Ощутила нежное прикосновение губ, моментально ставшее властным, требовательным, сжигающим тело изнутри. И действительно забыла. Вообще, обо всем...
Под головой было немного жестко, тело ломило. Я осторожно пошевелилась и постаралась устроиться поудобнее. Однако подушка совершенно не собиралась становиться мягче. Наконец, удалось-таки найти приемлемое положение и вновь уйти в неглубокую дрему. Волос на затылке коснулось горячее дыхание. Память вернулась в затуманенный сном рассудок. Открыла глаза, повернулась, оказавшись в кольце сильных рук и во власти неповторимых глаз.
- Утро доброе?
Никогда не думала, что эту обыденную фразу можно закончить знаком вопроса. Неуверенно улыбнулась.
- Очень.
Получила нежный, сводящий с ума поцелуй.
- Что Пашка скажет, - промямлила я. Умная мама! Вспомнила!

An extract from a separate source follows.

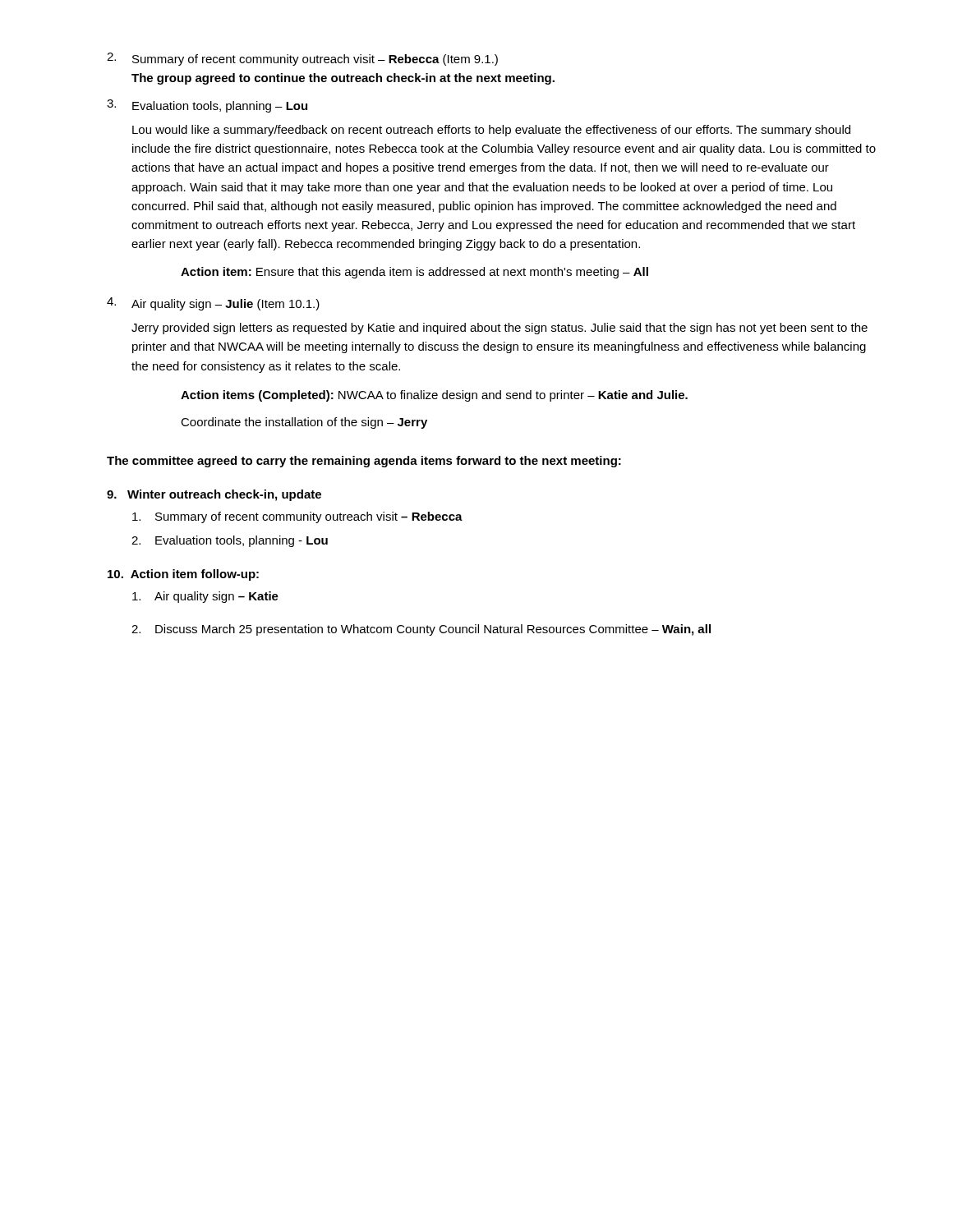Navigate to the text block starting "4. Air quality sign"
The height and width of the screenshot is (1232, 953).
point(213,304)

Дверь медблока распахнулась. Первым внутрь ввалился Адольф, за ним Пашка с Машей на шее и Кагараши.
Я отчаянно пискнула и постаралась прикрыться хоть чем-нибудь, но поскольку всякое что-нибудь накануне отчаливало в неизвестные памяти места, ничего умнее, как перекатиться за спину Сишати, придумать не смогла.
- Кр-руто! - обрадовался сынка, открывшейся взору картине. - А когда свадьба?
- Ката сфатьпа, - согласилась Маша.
Кагараши, наткнувшийся на угрожающий взгляд капитана, схватил Пашку под мышку, не потрудившись толком разобрать, где у ребенка верх, а где низ, и пулей вылетел за порог. Кактус только недовольно хрюкал, болтаясь вниз головой, что сейчас пропустит все самое интересное. Адольф на всякий случай сбежал вместе с врачом.
Я застонала, закрыла лицо ладонями и уткнулась в широкую мужскую спину. Это надо же!
- Не хочешь замуж? - серьезно спросил Сишати.
- Чего? - растерялась я.
Он сел ко мне лицом.
- Ты расстроилась.
- Пашке рано такие вещи видеть. Это ж кошмар!
Он легко пересадил меня к себе на колени и обнял.
- Не страшно. Он, пока ты спала, хуже рассказывал.
- Да?
- Да.
Обвила его шею руками. Спрашивать, что рассказывал сынка капитану, не хотелось. В медблоке стояло ночное освещение, никто не менял, несмотря на это, удалось разглядеть отпечатки ровных полумесяцев на его плечах со слабыми следами запекшейся крови. Я покраснела, вспоминая, как он шипел. Захотелось забрать себе, всю причиненную боль. Да и, вообще, всю его боль. Я отогнала странный порыв подальше.
- Сишати.
- Да?
- Зачем я понадобилась тем желтым?
Помолчал, вздохнул.
- Каюта, где вы живете, - моя. Санби, сын Кори, решил, что ты жена.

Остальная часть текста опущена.